Third - There is a danger in willingly accepting lower standards from community providers of eroding the hard-won, high quality standards inside the VA.– If VA providers are supported to do the ethical and professionally responsible thing of telling veterans that it is in their medical best interest to get care in the VA when the quality of care in the community is lacking, then I would feel more optimistic.
Lastly, is a big unanswered question. Although there are some set-aside funds for Community Care, no one has an answer to where more funds will come from when these are used up. The probability is the VHA will have to draw from funds for existing staffing and programs, or there will be a reduction in veterans’ benefits – neither of which veterans want or deserve.
Gordon: Given the data that we have on practitioners adhering to best practices when people are tired and burnt out, and overworked, I fear VA providers will not get into contentious discussions with veterans about what’s in their best medical interest. Because they don’t want to erode their relationships with their patients. We have a lot of data that prescriptions of antibiotics increase when providers are tired because they’re tired and hungry and it’s the end of the day.

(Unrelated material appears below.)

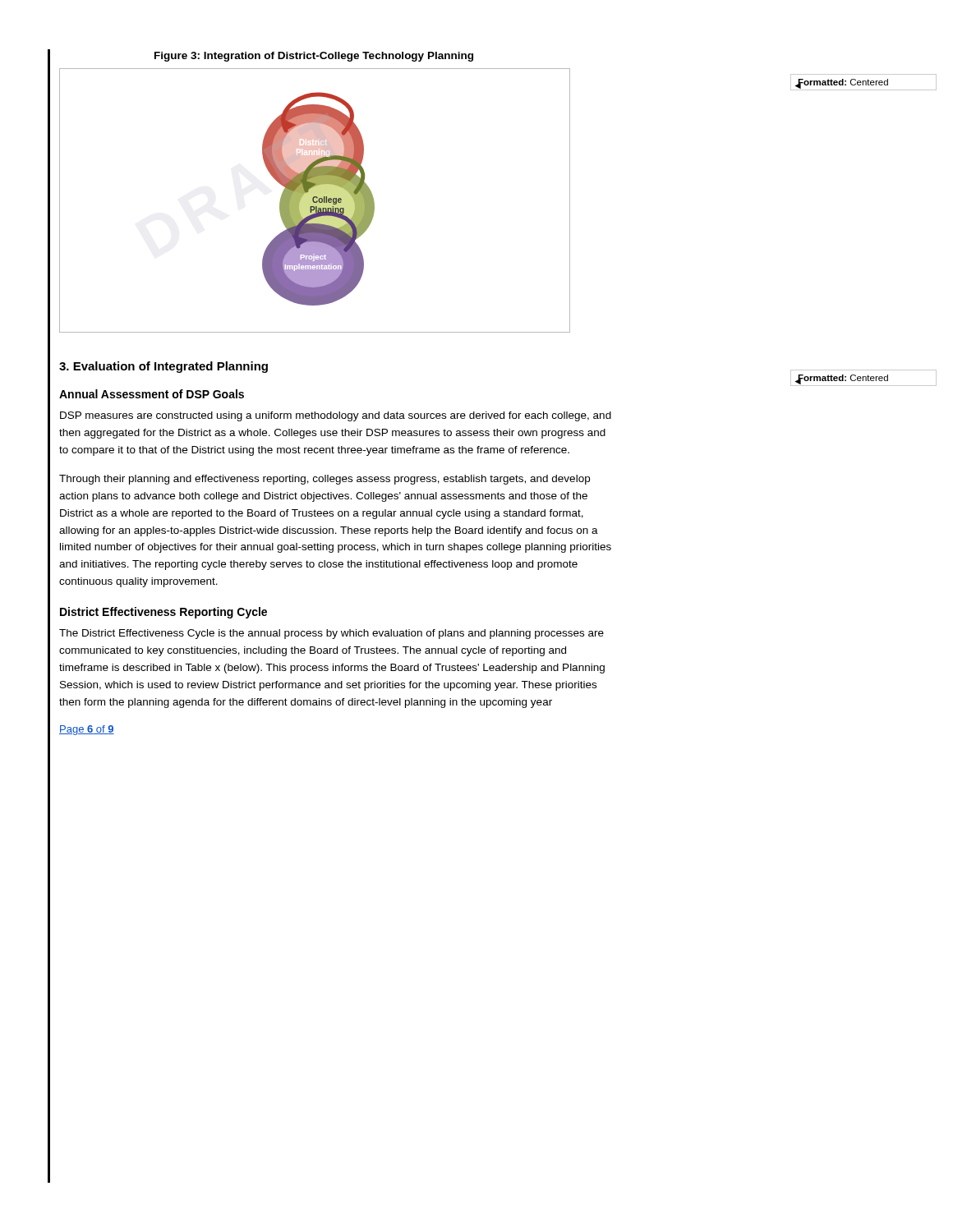
Task: Navigate to the block starting "Annual Assessment of"
Action: click(152, 394)
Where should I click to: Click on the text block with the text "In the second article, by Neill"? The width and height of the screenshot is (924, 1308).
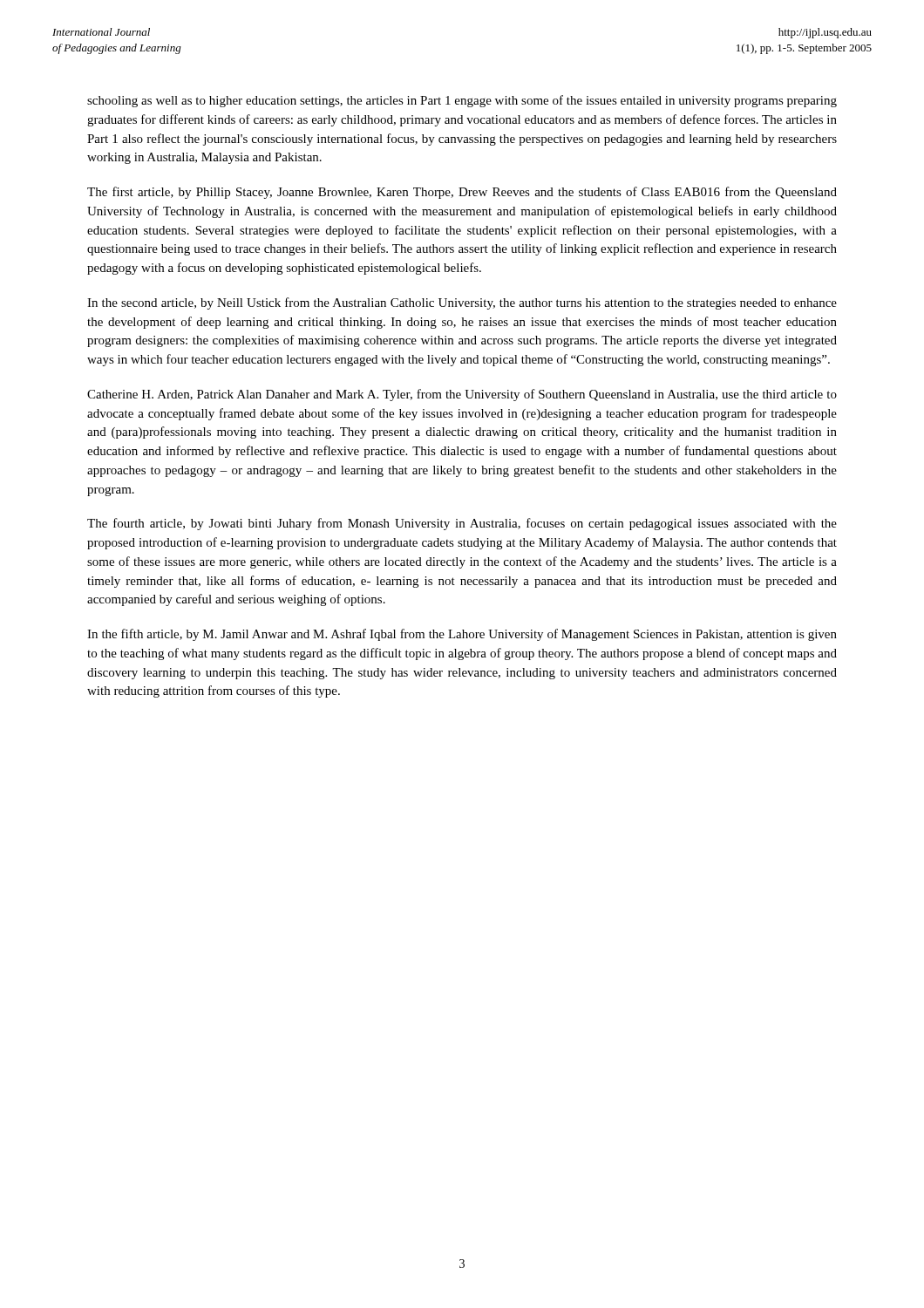click(462, 331)

I predict, I wish I were wrong, but I predict that many VA providers will just say ‘You know what? I don’t care where you get a colonoscopy, I just care that you get it. And I’m not going to fight with you about it.”

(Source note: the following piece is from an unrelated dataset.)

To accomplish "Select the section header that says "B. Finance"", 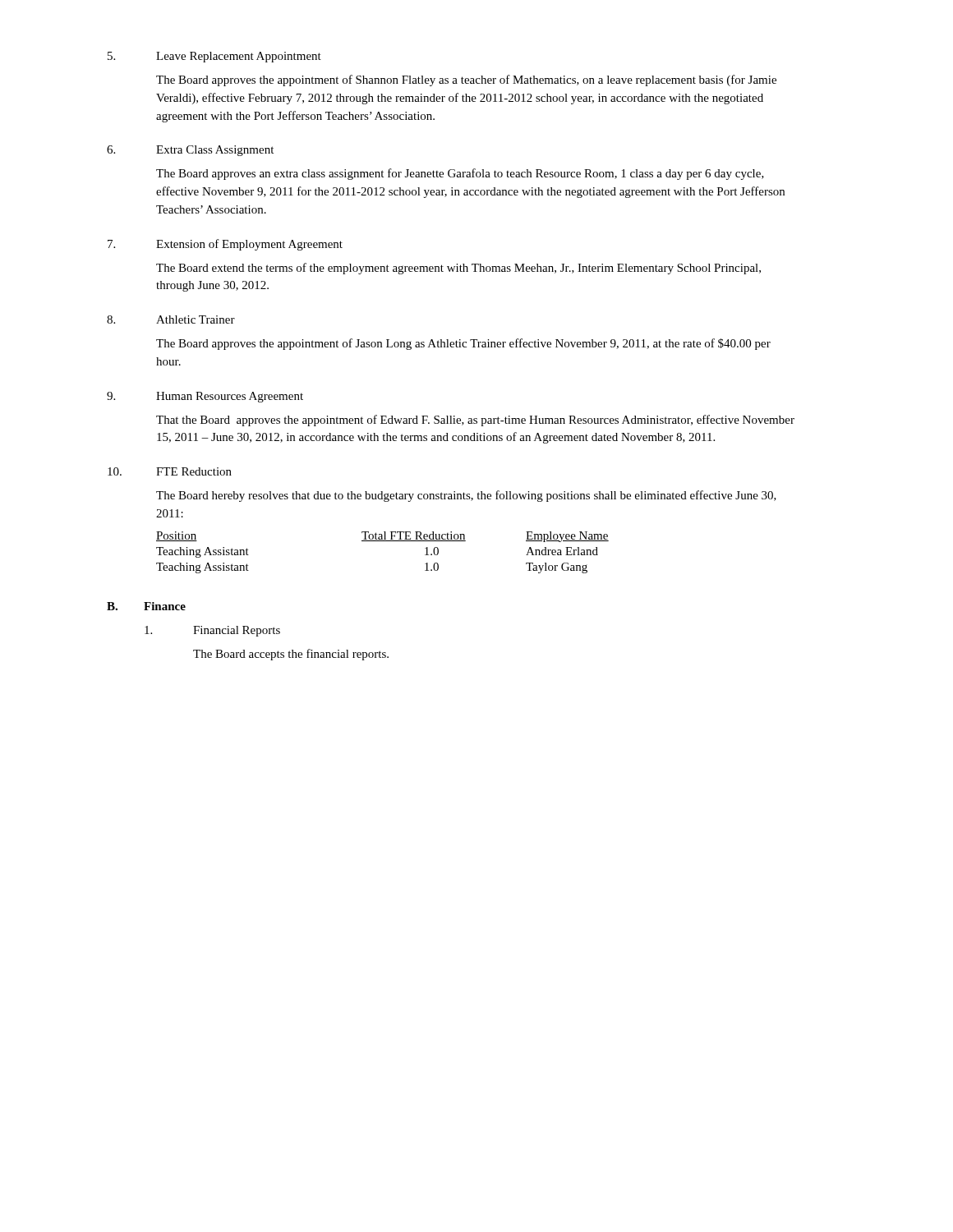I will pyautogui.click(x=146, y=606).

It’s going to get tiring for people to have this discussion if it’s necessary over and over again. And you know, this whole idea of having providers discuss with you where you should be getting care is ridiculous. When I’m with my gastroenterologist, he doesn’t spend his precious time with me comparing his services to other doctors near me. His time is spent on telling me why I need a colonoscopy and what to expect. Only in this double standard world do we have this imposed on the VA. And if providers are discussing where the veteran should get care, they’re not talking with the veteran about their anxiety or about how to take their medication or their suicidal ideation.

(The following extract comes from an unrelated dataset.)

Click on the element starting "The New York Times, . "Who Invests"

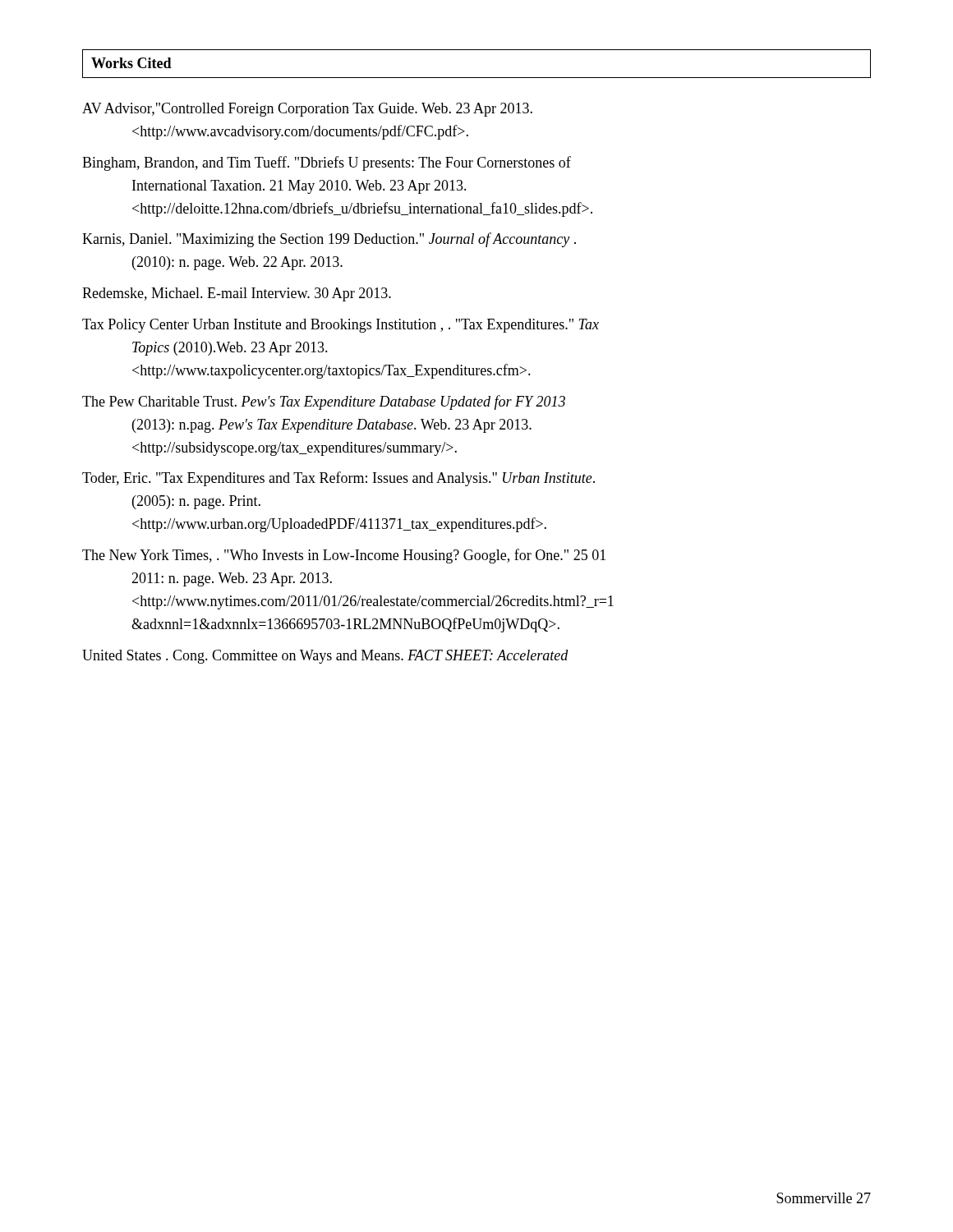[x=476, y=592]

Another one of the real dangers of this program is the information that we will lose about veteran conditions. The VA was able to recognize PTSD and Agent Orange and burn pits, not only because veterans pushed them to do so, but also because clinicians had pattern recognition.
And we’re going to lose the ability to identify the next Military Sexual Trauma (MST) or Burn Pits or PTSD because veterans are going to be scattered across the private sector. I think that’s partly the intent, actually. If you lose the information, then you’re not responsible for the conditions that the information brings to light. And then the taxpayer and the government is not responsible for the real costs of war.
Lattanzi: Who is going to track this falling apart? I don’t see anyone but VHPI. Unfortunately, there will likely be some pretty bad instances and experiences from veterans before anybody wakes up to the shortfalls of MISSION. I hope it’s not before the VA is actually gone.